The first person in his family to attend university, Selwin talks about the transformative power of education. He also explains how determination and a sense of community have served as driving forces in his career.

“If we give up, it means that my people in Barbados, my neighbors in the Caribbean, my friends in the Pacific, my friends in Africa, my friends in the developing world, and even folks in rich countries, we would seal their fate… So I refuse to give up.”

 

 

Transcript and multimedia

 

Melissa Fleming 0:05 

 

From the United Nations, I'm Melissa Fleming and this is Awake At Night. Today, my guest is Selwin Hart, the Secretary General's Special Adviser on Climate Action, and Assistant Secretary General for the Climate Action Team. Selwin, we're going to get into your job a bit later - your big job - but first, tell me where you came from?

 

Selwin Hart 0:40 

 

Thank you so much, Melissa, it's a pleasure to join you. I'm from a tiny island in the Caribbean, called Barbados, and an even tinier village in Barbados called Church Village or Chapel Land in Saint Phillip and that's where I'm from and this small rural village in Barbados has defined who I am. It gave me a sense of community, a sense of purpose and it helped to instil certain intrinsic values in me so...

 

Melissa Fleming 1:16 

 

Close your eyes, describe what it looked like.

 

Selwin Hart 1:18 

 

So when I grew up, in my earlier years, the roads were not paved, the countryside was dotted with sugarcane plantations. In fact, my grandmother worked on sugarcane plantations all her life, and my parents did so in their early days. Lots of fruit trees, gullies, lots of friends. What we lacked in material stuff, you know, we had in friendships and people. We were poor. But we honestly didn't feel as though we were poor.

 

Melissa Fleming 2:02 

 

Because you had enough food to eat?

 

Selwin Hart 2:04

 

Yeah, enough food but you know, we lacked cars and we lacked... I remember, at my primary school, kids would come to school, and this was in the 70s and 80s, late 70s, and 80s in Barbados, kids would come to school without shoes, [they] were still going to school without shoes.

 

I remember, as a child, my parents didn't have electricity. My grandmother didn't have it either and I would read to her or I would read by the light of a kerosene lamp, so we lacked that stuff. But it as a child growing up, you never felt as though you were deprived of anything. B because you were surrounded by love, we were surrounded by love; the love of our parents, the love of our grandparents, the love of our families, and the love of our neighbours, and, you know, thinking about it now, you know, we would leave our homes unlocked whenever someone planted potatoes or yams or had limes. We all shared it as a village, or we shared it as a family so it's that sense of community that I miss most.
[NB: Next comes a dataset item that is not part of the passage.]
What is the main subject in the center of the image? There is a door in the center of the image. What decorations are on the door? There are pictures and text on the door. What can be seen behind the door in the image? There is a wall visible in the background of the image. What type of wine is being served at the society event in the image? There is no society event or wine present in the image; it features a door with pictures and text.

It’s that sense of community that I remember most and that sense of community and love that has been a driving force in my life.

 

Melissa Fleming 3:37 

 

Is it maybe because you didn't know what you were missing? Did you not see people who had those material things that kind of makes people strive in this consumer focused world?
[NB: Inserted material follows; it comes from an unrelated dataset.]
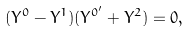<formula> <loc_0><loc_0><loc_500><loc_500>( Y ^ { 0 } - Y ^ { 1 } ) ( Y ^ { 0 ^ { \prime } } + Y ^ { 2 } ) = 0 ,</formula> 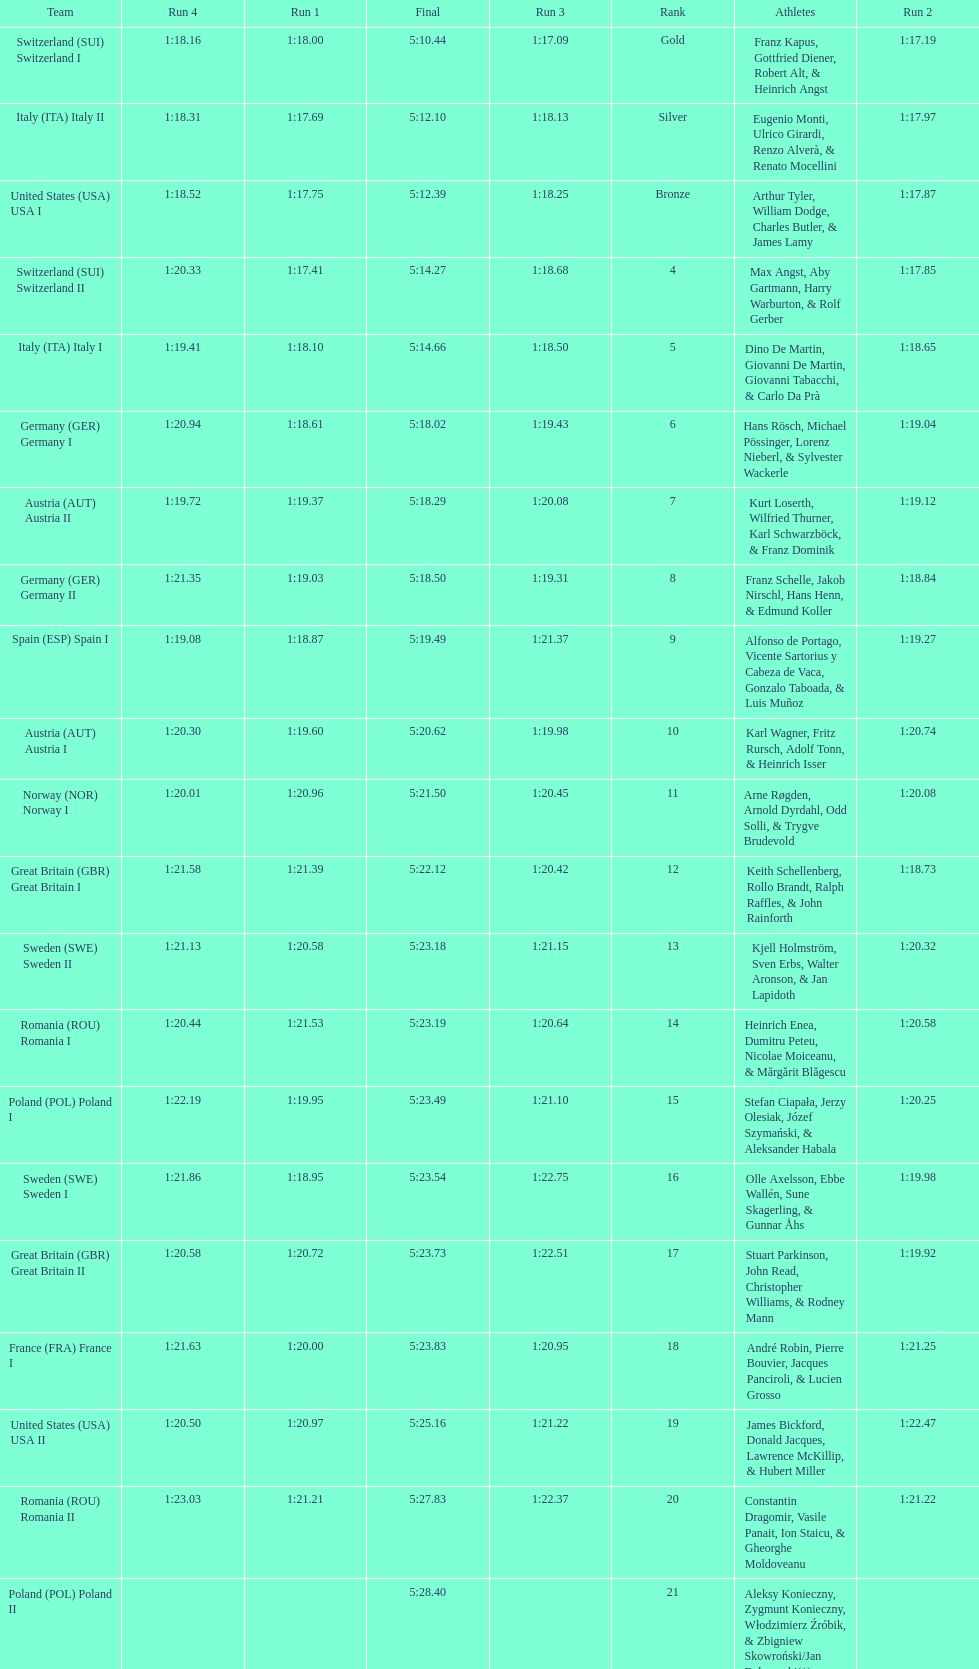After italy (ita) italy i, what team comes next? Germany I.

Selwin Hart posing for a picture with family at a University campus

 

Selwin Hart 3:53 

 

Well, growing up back then, I did strive for things. Education was one of them and I was born in 1970 in Barbados, four years after Barbados became independent, and one of the first acts of an independent Barbados was to provide free education, free health care to its citizens and my generation was the first generation that truly benefited from access to education.

 

And while my parents and my grandparents did not have access to the same educational opportunities that my generation had, that I had and my brothers and my other relatives had, they nevertheless pushed us and pushed me in particular because I was one of the elders of the lot, to take full advantage of education, new educational opportunities that the new Barbados offered its citizens.

 

And quite frankly, not I can still hear my grandmother's voice telling me, you know, ‘One thing that can't take away from you is your education.’ It was not until I went into high school in Barbados secondary school that I was exposed to real material wealth. I went to primary school, [a] small, rural school with my neighbours and folks from other villages and at 11 years old, I did an exam, did well and I got into the top school on the island at the time Harrison College, and that school was in our capital city, Barbados.

 

So I was travelling from this very rural village in Barbados to the city on a daily basis and, you know, you saw kids coming to school in cars and with, you know, video games at the time, they’d started to come into... And, you know, it was then that I was introduced to real sort of material wealth, but the good thing is, you know, it was difficult. But the good thing is, I still remain very close to my village into my family and still retain those values that I had growing up.

 

Melissa Fleming 6:22 

 

So you had to travel there, back and forth every day. On the bus or?

 

Selwin Hart 6:26 

 

On the bus, on the bus. It's a small island so it would take probably about 45 minutes to an hour to travel to school and back on a daily basis.

 

Melissa Fleming 6:37 

 

I mean, we're going to get to your work on climate action now but I can imagine, you know, growing up on a small island, surrounded by water and, you know, so much nature and nature being so important to the bounty of your family. What did nature mean to you growing up?

 

Selwin Hart 6:57 

 

Nature was everything, you know, going to the beach and seeing over time and thinking back how coastal erosion happens. For example, when I was much younger, the coastlines stretched a bit further into the ocean. But we're also very close to the land as well and, and over the years, we've seen erratic seasons; longer periods of drought, sometimes excessive rainfall. But growing up, I was extremely close to the land, as I said, my grandmother worked on a sugarcane plantation for virtually all her life so from that perspective, always extreme because I never knew that I would get into climate [or] that this would be my calling.

 

Melissa Fleming 7:48 

 

Did you mean, you said that you witnessed some change starting to happen but did you know what this was?

 

Selwin Hart 7:55 

 

No, no, no, this was in the 1980s and at that time, climate was not a big issue. It was certainly not something that was discussed in any great detail in Barbados but you could see that the climate had and was changing, and that there were these signs in terms of how the ocean behaved.

 

Now, my grandmother, and my mother would often tell us about a hurricane that struck Barbados in the 1950s, before I was born, Hurricane Janet, and they would also tell me how their home was destroyed and how they had to live, basically, in a church for four weeks on end. So hurricanes were a present reality. I remember in the 1970s, in the late 1970s and early 1980s, we had a number of the other islands in the Caribbean, were struck by hurricanes. I think Dominica and some of the other smaller islands of the Caribbean and there was Gilbert in Jamaica.

 

But during that period, Barbados dodged many a bullet but the most visible sign back then was the ocean because we would go to the beach often. Sometimes once, twice a week. So we knew that there were some changes. We could see the impact of coastal coastal erosion. And we could see see the impacts of sea-level rise, but back then we didn't know what the cause, root cause, was.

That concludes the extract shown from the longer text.